6. Acknowledgements .............................................31
7. Conventions ..................................................31
8. IANA Considerations ..........................................32
9. Copyright Notice .............................................32
10. Security Considerations ......................................32
11. Authors' Addresses ...........................................33
12. References ...................................................34
12.1. Normative References ......................................35
12.2. Informative References ....................................35
1. Introduction
From the perspective of a single computer, the version history of a
HTTP resource that is changing on that computer can be viewed in a
line of time:
o <-- oldest version
|
o
|
o
|
o <-- newest version
We call this a "linear" history.
However, if multiple computers change a resource over a network
"simultaneously" (ie. before their changes propagate to one another),
then the version history forks into a DAG, or "partial order":
o <-- oldest version
/ \
o o
\ /
o
|
o <-- newest version
HTTP systems often need a way to identify, read, write, navigate,
and/or merge versions of history in order to (1) implement better
cache consistency, (2) create history archives, (3) settle race
conditions, (4) request incremental updates to resources, (5)
interpret incremental updates to versions, or (6) implement
distributed collaborative editing algorithms.
Furthermore, advanced distributed systems often devise special
formats for partially-ordered timestamps that allow inferences for
improved performance, such as lamport clocks, vector clocks, version
vectors, hash histories, and append-only-log indices.
Implementations can rely on information embedded in these timestamps
to compress history metadata, optimize partial-order computations, or
infer the value of state.
A general mechanism for versioning HTTP resources could enable a
number of new use-cases:
- RSS clients could request incremental updates when polling,
instead of re-downloading redundant unchanged feed items after
each change to any item
- Servers could accept incoming patches based on old or parallel
versions of history, and even rebase those patches for other
clients, at other points in history
- Collaborative editing could be built directly into HTTP
resources, providing the abilities of Google Docs at any URL
- Git repositories could be hosted directly over HTTP; rather than
embedding versioning information within opaque blobs that use
HTTP just as a transport
- Caches and archives could hold and serve multiple versions of a
resource, enabling audits and distributed backups
- Distributed databases could standardize network APIs to HTTP,
while retaining distributed consistency guarantees
This document analyzes existing approaches to versioning of resources
in HTTP, and sketches an approach to a more general and powerful
approach that addresses use-cases like these.
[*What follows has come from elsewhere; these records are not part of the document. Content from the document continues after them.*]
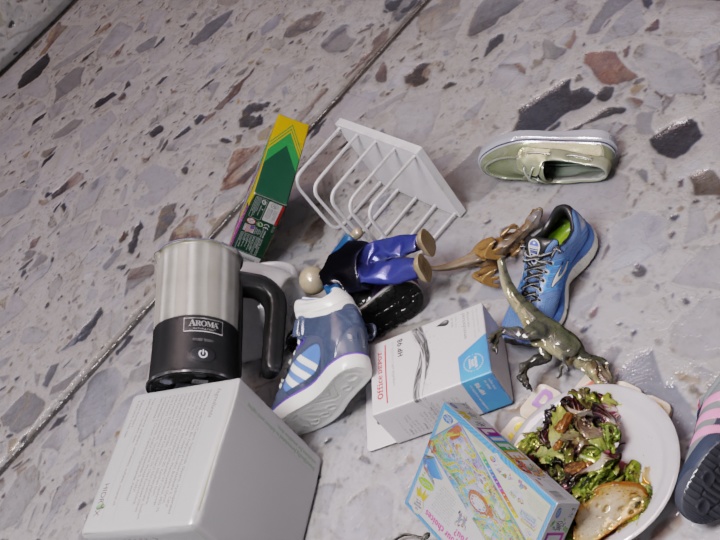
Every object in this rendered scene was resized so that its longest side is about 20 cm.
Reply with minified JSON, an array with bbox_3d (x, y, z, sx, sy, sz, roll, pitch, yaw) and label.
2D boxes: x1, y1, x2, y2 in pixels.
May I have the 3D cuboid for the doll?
[{"bbox_3d":[0.000,0.000,1.404,0.200,0.048,0.137,-10,53,31],"label":"doll"}]

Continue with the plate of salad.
[{"bbox_3d":[0.233,0.200,1.098,0.200,0.048,0.200,-23,42,23],"label":"plate of salad"}]

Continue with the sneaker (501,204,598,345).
[{"bbox_3d":[0.220,0.002,1.294,0.078,0.089,0.200,7,59,42],"label":"sneaker"}]

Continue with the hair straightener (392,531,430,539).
[{"bbox_3d":[-0.004,0.344,1.168,0.200,0.041,0.077,-39,38,8],"label":"hair straightener"}]

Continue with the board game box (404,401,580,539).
[{"bbox_3d":[0.132,0.246,1.111,0.200,0.034,0.135,40,115,51],"label":"board game box"}]

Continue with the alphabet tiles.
[{"bbox_3d":[0.239,0.198,1.145,0.196,0.015,0.200,-48,39,-12],"label":"alphabet tiles"}]

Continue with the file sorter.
[{"bbox_3d":[0.023,-0.112,1.525,0.125,0.139,0.200,-50,39,-11],"label":"file sorter"}]

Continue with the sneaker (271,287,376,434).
[{"bbox_3d":[-0.062,0.111,1.362,0.200,0.080,0.147,-45,47,37],"label":"sneaker"}]

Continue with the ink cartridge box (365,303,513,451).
[{"bbox_3d":[0.079,0.134,1.293,0.200,0.067,0.116,-23,40,19],"label":"ink cartridge box"}]

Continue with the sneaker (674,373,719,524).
[{"bbox_3d":[0.364,0.163,1.055,0.200,0.070,0.082,-51,19,-15],"label":"sneaker"}]

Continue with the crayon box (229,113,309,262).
[{"bbox_3d":[-0.147,-0.113,1.636,0.200,0.058,0.173,121,166,-50],"label":"crayon box"}]

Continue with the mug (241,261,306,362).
[{"bbox_3d":[-0.163,0.045,1.523,0.175,0.148,0.200,-6,28,25],"label":"mug"}]

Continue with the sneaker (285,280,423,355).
[{"bbox_3d":[-0.011,0.056,1.449,0.200,0.076,0.088,-25,33,3],"label":"sneaker"}]

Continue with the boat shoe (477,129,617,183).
[{"bbox_3d":[0.250,-0.151,1.437,0.200,0.072,0.062,-5,47,32],"label":"boat shoe"}]

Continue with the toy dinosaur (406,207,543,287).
[{"bbox_3d":[0.161,-0.017,1.402,0.200,0.061,0.106,-23,16,10],"label":"toy dinosaur"}]

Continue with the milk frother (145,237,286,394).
[{"bbox_3d":[-0.208,0.092,1.380,0.200,0.180,0.189,-34,47,45],"label":"milk frother"}]

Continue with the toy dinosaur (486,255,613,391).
[{"bbox_3d":[0.201,0.081,1.219,0.088,0.047,0.200,-41,67,-4],"label":"toy dinosaur"}]

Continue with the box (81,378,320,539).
[{"bbox_3d":[-0.182,0.269,1.258,0.171,0.199,0.200,-11,46,29],"label":"box"}]

(Note that this document does NOT speak to the versioning of HTTP
APIs -- only HTTP resources, which are used within APIs.)
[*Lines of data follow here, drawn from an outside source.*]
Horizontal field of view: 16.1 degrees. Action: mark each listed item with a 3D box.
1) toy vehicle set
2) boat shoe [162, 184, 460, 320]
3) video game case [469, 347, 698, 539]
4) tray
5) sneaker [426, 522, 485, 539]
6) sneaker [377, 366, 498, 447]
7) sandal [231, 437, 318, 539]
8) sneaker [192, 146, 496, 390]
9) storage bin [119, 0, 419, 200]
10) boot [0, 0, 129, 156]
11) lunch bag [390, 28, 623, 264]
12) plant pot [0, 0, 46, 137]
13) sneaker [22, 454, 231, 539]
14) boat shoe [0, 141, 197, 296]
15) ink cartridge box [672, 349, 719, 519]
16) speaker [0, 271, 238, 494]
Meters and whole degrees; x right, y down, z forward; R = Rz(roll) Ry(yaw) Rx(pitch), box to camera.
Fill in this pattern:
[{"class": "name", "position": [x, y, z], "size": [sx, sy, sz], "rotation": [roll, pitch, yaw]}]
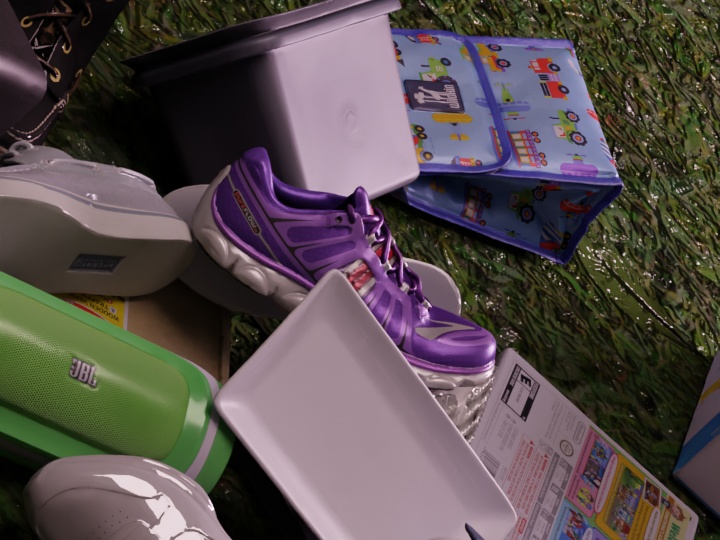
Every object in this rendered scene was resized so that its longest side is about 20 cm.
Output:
[{"class": "toy vehicle set", "position": [-0.163, 0.012, 1.472], "size": [0.199, 0.027, 0.125], "rotation": [31, 34, -24]}, {"class": "boat shoe", "position": [-0.038, 0.002, 1.550], "size": [0.199, 0.071, 0.064], "rotation": [21, -4, -14]}, {"class": "video game case", "position": [0.136, 0.161, 1.665], "size": [0.182, 0.022, 0.200], "rotation": [42, 30, -7]}, {"class": "tray", "position": [0.002, 0.106, 1.423], "size": [0.107, 0.022, 0.200], "rotation": [-47, 117, -23]}, {"class": "sneaker", "position": [0.096, 0.223, 1.391], "size": [0.200, 0.081, 0.146], "rotation": [43, 7, -7]}, {"class": "sneaker", "position": [0.011, 0.081, 1.549], "size": [0.099, 0.070, 0.200], "rotation": [24, 11, 14]}, {"class": "sandal", "position": [-0.015, 0.140, 1.482], "size": [0.200, 0.043, 0.076], "rotation": [51, 31, 9]}, {"class": "sneaker", "position": [0.000, 0.000, 1.474], "size": [0.199, 0.084, 0.081], "rotation": [32, 11, -11]}, {"class": "storage bin", "position": [-0.053, -0.097, 1.651], "size": [0.200, 0.145, 0.135], "rotation": [-24, 99, -58]}, {"class": "boot", "position": [-0.175, -0.154, 1.514], "size": [0.073, 0.151, 0.200], "rotation": [36, 22, -10]}, {"class": "lunch bag", "position": [0.071, -0.103, 1.855], "size": [0.199, 0.094, 0.151], "rotation": [9, 46, -28]}, {"class": "plant pot", "position": [-0.287, -0.123, 1.339], "size": [0.177, 0.199, 0.201], "rotation": [14, 41, -58]}, {"class": "sneaker", "position": [-0.090, 0.169, 1.313], "size": [0.200, 0.075, 0.100], "rotation": [37, 21, -10]}, {"class": "boat shoe", "position": [-0.177, -0.032, 1.423], "size": [0.200, 0.070, 0.072], "rotation": [10, 40, -52]}, {"class": "ink cartridge box", "position": [0.341, 0.107, 1.853], "size": [0.147, 0.145, 0.200], "rotation": [41, 30, -5]}, {"class": "speaker", "position": [-0.166, 0.060, 1.356], "size": [0.199, 0.088, 0.089], "rotation": [27, 35, -28]}]

1.1. Existing Versioning in HTTP
Current approaches to versioning in HTTP address disparate use-cases,
but have limitations and trade-offs. The Last-Modified and ETag
headers were invented for cache consistency, but do not provide an
ordering of version history through time, nor do they handle forks
and merges in distributed time. On the other hand, a number of
forking/merging versioning systems have been proposed (WebDAV, Link
Relations) that create new resources to represent versions of
existing resources, but this approach has been more complex, and has
not seen much adoption in practice. No HTTP versioning system today
allows for articulating custom distributed timestamp formats such as
vector clocks.
1.1.1. Versioning with `Last-Modified`
The Last-Modified header specifies a clock date that caches and
clients can use to know when a change has occurred:
Last-Modified: Sat, 6 Jul 2024 07:28:00 GMT
This header is useful for caching and conditional requests (using the
If-Modified-Since header). However, it has several limitations:
1. It is limited to the precision of the wallclock. If a resource
changes within the same second, the Last-Modified date won't
change, and caches can become inconsistent.
2. It is susceptible to clock skew in distributed systems,
potentially leading to inconsistencies across different servers.
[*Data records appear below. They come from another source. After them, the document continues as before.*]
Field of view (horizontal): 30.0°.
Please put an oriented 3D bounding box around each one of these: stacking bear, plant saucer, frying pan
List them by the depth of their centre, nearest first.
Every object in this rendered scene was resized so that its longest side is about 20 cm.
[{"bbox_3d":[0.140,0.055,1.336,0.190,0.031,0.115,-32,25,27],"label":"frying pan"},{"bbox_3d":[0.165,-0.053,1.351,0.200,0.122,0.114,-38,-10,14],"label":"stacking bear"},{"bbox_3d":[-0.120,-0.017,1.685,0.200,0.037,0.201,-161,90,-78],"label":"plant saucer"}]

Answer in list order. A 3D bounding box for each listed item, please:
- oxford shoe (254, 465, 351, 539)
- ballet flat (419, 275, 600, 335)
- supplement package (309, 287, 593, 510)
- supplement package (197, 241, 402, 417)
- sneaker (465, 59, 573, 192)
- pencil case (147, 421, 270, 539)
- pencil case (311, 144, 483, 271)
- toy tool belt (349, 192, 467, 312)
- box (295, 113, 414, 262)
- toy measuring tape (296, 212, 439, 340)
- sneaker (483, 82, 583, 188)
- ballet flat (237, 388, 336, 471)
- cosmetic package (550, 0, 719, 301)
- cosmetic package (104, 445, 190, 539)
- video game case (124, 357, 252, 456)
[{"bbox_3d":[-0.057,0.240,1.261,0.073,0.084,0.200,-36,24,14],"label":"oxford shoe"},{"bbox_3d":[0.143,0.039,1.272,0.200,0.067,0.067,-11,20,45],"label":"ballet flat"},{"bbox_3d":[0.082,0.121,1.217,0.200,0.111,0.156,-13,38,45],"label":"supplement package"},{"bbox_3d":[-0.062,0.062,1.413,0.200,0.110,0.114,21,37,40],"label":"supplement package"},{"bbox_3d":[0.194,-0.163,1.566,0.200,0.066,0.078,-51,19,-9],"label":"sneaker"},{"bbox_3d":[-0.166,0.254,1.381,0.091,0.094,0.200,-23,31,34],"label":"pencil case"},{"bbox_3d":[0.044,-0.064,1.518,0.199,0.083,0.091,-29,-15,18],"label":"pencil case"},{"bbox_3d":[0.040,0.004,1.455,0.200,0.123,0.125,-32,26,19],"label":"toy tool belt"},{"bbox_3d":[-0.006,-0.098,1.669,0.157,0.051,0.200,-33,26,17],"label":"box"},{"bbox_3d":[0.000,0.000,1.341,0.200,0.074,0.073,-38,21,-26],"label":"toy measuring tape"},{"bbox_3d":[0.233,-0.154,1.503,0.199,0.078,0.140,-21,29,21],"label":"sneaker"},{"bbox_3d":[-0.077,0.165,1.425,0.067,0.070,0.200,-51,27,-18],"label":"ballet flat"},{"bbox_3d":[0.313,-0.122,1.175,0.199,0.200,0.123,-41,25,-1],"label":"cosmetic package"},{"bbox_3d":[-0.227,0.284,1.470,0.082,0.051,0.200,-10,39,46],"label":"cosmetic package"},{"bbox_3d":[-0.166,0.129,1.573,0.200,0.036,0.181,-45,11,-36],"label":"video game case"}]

3. It doesn't work well for dynamically generated content, where the
modification time might not be meaningful or easily determined.
1.1.2. Versioning with `ETag`
The ETag header allows more precision. It specifies a version with a
string that uniquely identifies a cacheable representation:
ETag: "2u34fa7yorz0"
ETags can be strong or weak, with weak ETags prefixed by W/:
ETag: W/"2u34fa7yorz0"
ETags are used in conditional requests with If-None-Match and
If-Match headers and can be used for optimistic concurrency
control. However:
1. While helping with cache validation, ETags are not accurate
markers of time. There is no way to order versions by ETag, or
know which version came before another.
2. ETags are unique to content, not timestamps. It's possible for
the same ETag to recur over time if the resource changes back and
forth between a common state.
3. Strong ETags are sensitive to Content-Encoding. If a single
version of a resource is transmitted with different
Content-Encodings (e.g., gzip), it will be sent with different
strong ETags. Thus, one can have multiple ETags for the same
version in history, as well as a single ETag for multiple versions
of history.
1.1.3. Versioning encoded within URLs
In practice, application programmers tend to encode versions within
URLs:
https://unpkg.com/braid-text@0.0.18/index.js
This approach is common in API versioning (e.g., /api/v1/resource).
However, it has several drawbacks:
1. It loses the semantics of a "resource changing over time."
Instead, it creates multiple version resources for every single
logical resource.
2. It necessitates additional standards for version history on top of
URLs (e.g., Memento, WebDAV, Link Relations for Versioning
[RFC5829]).
3. Given a URL, we still need a standard way to extract the version
itself, get the previous and next version(s), and understand the
format of the version(s) (e.g., major.minor.patch).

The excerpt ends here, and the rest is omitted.